Al rato, ambos estaban sentados en el mueble, uno al lado del otro. Hablaban de pequeñeces. Jack le había preguntado acerca de la crisis económica del país, ella le había respondido lo poco que sabía. Ella le había preguntado a él acerca del frío que pasaba en las navidades, que si nevaba mucho por allá. Él le había dicho que sí, ella le dijo que nunca había visto la nieve. Él le dijo que la odiaba, y ella le dijo que siempre había querido jugar con ella, pero que dudaba que algún día pudiese.

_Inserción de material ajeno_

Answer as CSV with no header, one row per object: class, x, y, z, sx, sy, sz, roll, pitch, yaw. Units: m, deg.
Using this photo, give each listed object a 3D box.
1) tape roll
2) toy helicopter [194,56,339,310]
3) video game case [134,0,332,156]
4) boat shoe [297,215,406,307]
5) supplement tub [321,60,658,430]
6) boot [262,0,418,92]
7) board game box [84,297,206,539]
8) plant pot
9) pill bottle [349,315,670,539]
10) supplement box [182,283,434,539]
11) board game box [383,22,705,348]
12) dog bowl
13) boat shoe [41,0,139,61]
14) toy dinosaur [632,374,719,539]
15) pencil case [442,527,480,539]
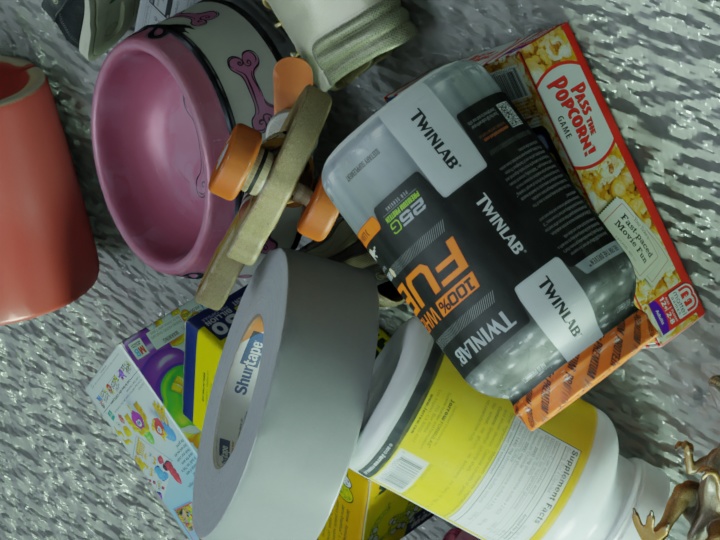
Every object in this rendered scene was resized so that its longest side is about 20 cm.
tape roll,-0.051,0.088,1.559,0.066,0.201,0.200,15,149,-13
toy helicopter,-0.065,-0.048,1.524,0.079,0.133,0.200,24,139,-9
video game case,-0.101,-0.128,1.725,0.182,0.023,0.200,46,145,20
boat shoe,0.000,0.000,1.644,0.074,0.074,0.200,56,150,3
supplement tub,0.078,-0.013,1.387,0.200,0.122,0.123,53,148,7
boot,-0.053,-0.187,1.559,0.200,0.072,0.155,-18,103,55
board game box,-0.113,0.134,1.888,0.200,0.103,0.105,54,148,7
plant pot,-0.319,-0.072,1.938,0.200,0.200,0.178,23,124,43
pill bottle,0.095,0.120,1.524,0.199,0.112,0.112,29,149,-9
supplement box,-0.027,0.103,1.736,0.200,0.109,0.110,39,144,27
board game box,0.113,-0.042,1.475,0.151,0.046,0.201,-12,107,57
dog bowl,-0.119,-0.085,1.649,0.200,0.073,0.201,27,124,51
boat shoe,-0.192,-0.232,1.713,0.068,0.072,0.200,46,149,11
toy dinosaur,0.217,0.159,1.473,0.060,0.106,0.201,30,133,25
pencil case,0.067,0.245,1.748,0.094,0.091,0.200,48,145,5
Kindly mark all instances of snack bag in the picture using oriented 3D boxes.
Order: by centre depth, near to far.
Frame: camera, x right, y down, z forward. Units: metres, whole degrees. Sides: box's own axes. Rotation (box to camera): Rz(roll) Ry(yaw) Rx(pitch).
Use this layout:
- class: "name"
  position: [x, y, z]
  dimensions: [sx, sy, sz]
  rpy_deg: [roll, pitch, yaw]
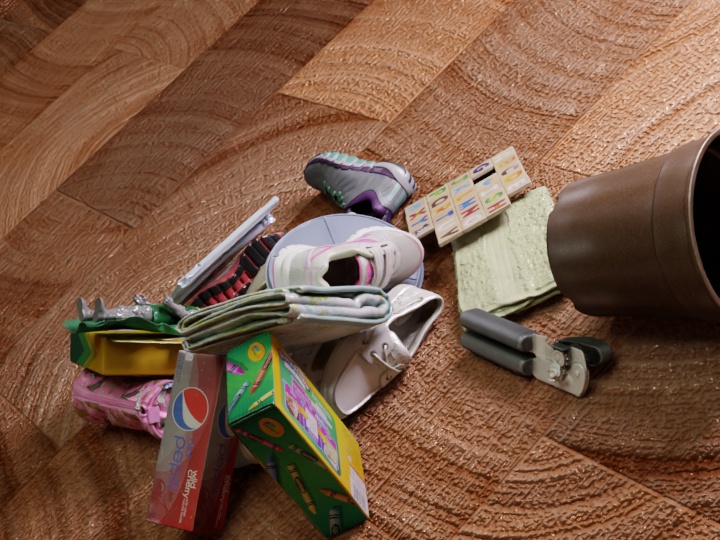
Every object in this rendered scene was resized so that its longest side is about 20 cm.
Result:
- class: "snack bag"
  position: [-0.185, -0.018, 1.857]
  dimensions: [0.189, 0.021, 0.200]
  rpy_deg: [-43, 1, -20]

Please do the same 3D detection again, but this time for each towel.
- class: "towel"
  position: [-0.083, 0.055, 1.550]
  dimensions: [0.171, 0.200, 0.048]
  rpy_deg: [-16, 77, 31]
- class: "towel"
  position: [0.177, -0.018, 1.649]
  dimensions: [0.148, 0.036, 0.200]
  rpy_deg: [-24, 35, 16]

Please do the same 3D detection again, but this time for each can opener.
- class: "can opener"
  position: [0.186, 0.086, 1.511]
  dimensions: [0.066, 0.053, 0.200]
  rpy_deg: [-14, 21, -36]

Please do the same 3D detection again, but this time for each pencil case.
- class: "pencil case"
  position: [-0.292, 0.170, 1.787]
  dimensions: [0.200, 0.087, 0.083]
  rpy_deg: [5, 44, 48]

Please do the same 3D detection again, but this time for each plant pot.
- class: "plant pot"
  position: [0.313, -0.033, 1.423]
  dimensions: [0.198, 0.200, 0.200]
  rpy_deg: [-10, 40, 47]

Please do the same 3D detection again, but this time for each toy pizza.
- class: "toy pizza"
  position: [-0.020, 0.006, 1.749]
  dimensions: [0.200, 0.032, 0.200]
  rpy_deg: [0, 47, 1]

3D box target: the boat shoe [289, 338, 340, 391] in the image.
- class: "boat shoe"
  position: [-0.056, 0.144, 1.629]
  dimensions: [0.070, 0.071, 0.200]
  rpy_deg: [-25, 28, 25]

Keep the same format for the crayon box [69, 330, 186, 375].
- class: "crayon box"
  position: [-0.291, 0.105, 1.799]
  dimensions: [0.200, 0.127, 0.051]
  rpy_deg: [-175, 87, -64]

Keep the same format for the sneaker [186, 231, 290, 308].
- class: "sneaker"
  position: [-0.165, 0.011, 1.891]
  dimensions: [0.200, 0.074, 0.087]
  rpy_deg: [-37, 13, -15]

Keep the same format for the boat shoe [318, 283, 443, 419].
- class: "boat shoe"
  position: [0.027, 0.092, 1.613]
  dimensions: [0.069, 0.071, 0.200]
  rpy_deg: [4, 49, 47]

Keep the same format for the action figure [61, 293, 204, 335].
- class: "action figure"
  position: [-0.262, 0.058, 1.760]
  dimensions: [0.118, 0.200, 0.055]
  rpy_deg: [2, 87, 45]

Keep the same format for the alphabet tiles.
- class: "alphabet tiles"
  position: [0.134, -0.088, 1.757]
  dimensions: [0.167, 0.008, 0.200]
  rpy_deg: [-30, 18, 8]

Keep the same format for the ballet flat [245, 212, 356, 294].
- class: "ballet flat"
  position: [-0.077, -0.016, 1.841]
  dimensions: [0.200, 0.069, 0.069]
  rpy_deg: [-28, 33, -2]

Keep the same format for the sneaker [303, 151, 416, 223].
- class: "sneaker"
  position: [-0.020, -0.109, 1.911]
  dimensions: [0.200, 0.074, 0.088]
  rpy_deg: [7, 57, 46]

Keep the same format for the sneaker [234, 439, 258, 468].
- class: "sneaker"
  position: [-0.172, 0.168, 1.692]
  dimensions: [0.131, 0.080, 0.200]
  rpy_deg: [-23, 34, 16]

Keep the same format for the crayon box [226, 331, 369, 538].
- class: "crayon box"
  position: [-0.067, 0.176, 1.474]
  dimensions: [0.058, 0.200, 0.119]
  rpy_deg: [-27, 34, 13]

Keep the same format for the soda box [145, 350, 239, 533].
- class: "soda box"
  position: [-0.183, 0.196, 1.587]
  dimensions: [0.070, 0.063, 0.200]
  rpy_deg: [7, 83, 29]

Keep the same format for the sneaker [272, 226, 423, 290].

—Así son las cosas—dijo ella y, acto seguido, sin intermitencias, comenzó a hablar, o explotó a hablar, como si no lo hubiese hecho en años. Le contó que a su madre le dio alzheimer’s cuando ella tenía dieciocho años, que la cuidó por un año, pero que después tuvo que comenzar a trabajar. No fue a la universidad. Cogió un curso de secretaría, y trabajó casi diez años corrido como secretaria de un viejo fisiatra que había en esta misma calle donde vivía ahora. Durante ese mismo tiempo se mudó aquí, llevaba más de quince años en este apartamento. Lo había remodelado varias veces. Por remodelar se refería a mover los muebles de aquí a allá, dijo. Eventualmente el doctor, que era muy viejo, se retiró y ella comenzó a trabajar para el hijo del fisiatra, que era pediatra, y que había abierto una oficina en el barrio de Santa Elvira. Allí estaba todavía. Mientras trabajaba allí, para el pediatra, conoció a un hombre, que tenía un hijo, y estaba divorciado y salió con él por dos años. Se quedaba los días de semana en la casa de él, en Bairoa, y los sábados él la visitaba acá. Nunca ninguno de los dos tomó la decisión de mudarse juntos. Se dejaron. El hombre volvió con su esposa. Ella siguió de secretaria. Lo vio allí varias veces, cada vez que se le enfermaba el hijo. Poco a poco, el hijo creció, y dejó de ir. Ese es el único hombre con el que había estado en su vida. ¿Puedes creerlo? Preguntó, pero no le importaba mucho. Desde niña sabía que nunca estaría con muchas personas. No soy una mujer linda, dijo, lo sé desde chiquita, y nunca me preocupé por cambiar eso. Así funciona el mundo, no voy a sufrir mucho por ello. Mientras salía con el hombre, se mudó José con su madre al apartamento del lado. José era un niño, y cuando se rompió su relación, comenzó a cuidarlo por las tardes. No le gustaba ver telenovelas, no le gustaba leer libros, fuesen de lo que fuesen. No leía las noticias, compraba el periódico para hacer los crucigramas. Barría el apartamento todos los días. Los días que estaba libre, iba para la plaza, visitaba a su madre, caminaba por ahí. Siempre había querido ir a Disney World, pero nunca fue.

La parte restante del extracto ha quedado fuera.